Thereby, the lower crosspiece 42 and the left-hand upright 44 share the same left-hand lower part of the main body 41, the left-hand lower part corresponding to both the left-hand end part of the lower crosspiece 42 and the lower end part of the left-hand upright 44. Similarly, the left-hand upright 44 and the upper crosspiece 43 share the same left-hand upper part of the main body 41, the left-hand upper part corresponding to both the upper end portion of the left-hand upright 44 and the left-hand end portion of the upper crosspiece 43; the upper crosspiece 43 and the right-hand upright 45 share the same right-hand upper part of the main body 41, the right-hand upper part corresponding to both the right-hand end part of the upper crosspiece 43 and the upper end part of the right-hand upright 45; and the right-hand upright 45 and the lower crosspiece 42 share the same right-hand lower part of the main body 41, the right-hand lower part corresponding to both the lower end part of the right-hand upright 45 and the right-hand end part of the lower crosspiece 42.

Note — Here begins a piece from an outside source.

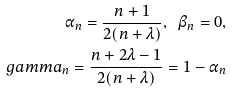Convert formula to latex. <formula><loc_0><loc_0><loc_500><loc_500>\alpha _ { n } = \frac { n + 1 } { 2 ( n + \lambda ) } , \ \beta _ { n } = 0 , \\ g a m m a _ { n } = \frac { n + 2 \lambda - 1 } { 2 ( n + \lambda ) } = 1 - \alpha _ { n }</formula> 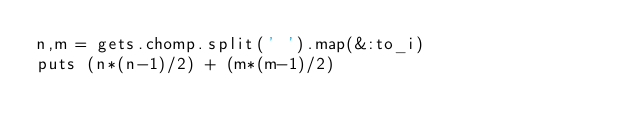Convert code to text. <code><loc_0><loc_0><loc_500><loc_500><_Ruby_>n,m = gets.chomp.split(' ').map(&:to_i)
puts (n*(n-1)/2) + (m*(m-1)/2)</code> 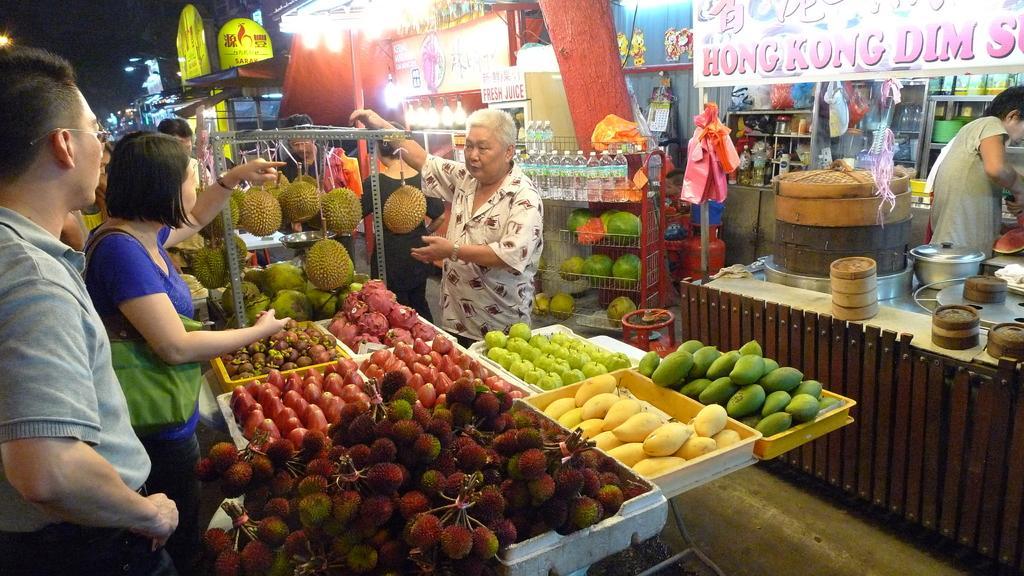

The crosspieces 42 and 43 and the uprights 44 and 45 delimit therebetween a through-passage 41C which connects the front face 41A and the rear face 41B of the main body 41 to each other. The through-passage 41C is open at the two opposite ends thereof along the anteroposterior direction of the main body 41, coming out onto the front face 41A and the rear face 41B. Along a direction peripheral to the anteroposterior direction of the main body 41, the through-passage 41C is closed by the crosspieces 42 and 43 and the uprights 44 and 45. The corresponding closed contour of the through-passage 41C extends over 360°, as can be seen clearly in FIG. 5. In the example considered herein, the closed contour is overall rectangular, with rounded corners.

The console 40 is designed for being attached to the platform 20, in particular to the guardrail 22 of the latter. In the embodiment considered in the figures, the console 40 is designed for being attached to the platform 20 in a removable manner. To this end, the console 40 includes a hook 46 for attaching the console 40 in a removable manner to the guardrail 22 of the platform 20. As can be seen clearly in FIGS. 2, 4 and 6, the hook 46 is arranged on the rear face 41B of the main body 41, preferentially at the upper crosspiece 43 of the main body 41. The hook 46 is shaped so as to cooperate by matching shape with an upper bar 22.1 of the guardrail 22, extending parallel to the floor 21 of the platform 20. In practice, the hook 46 can advantageously have different sizes in order to adapt to various possible dimensions for the components of the guardrail 22.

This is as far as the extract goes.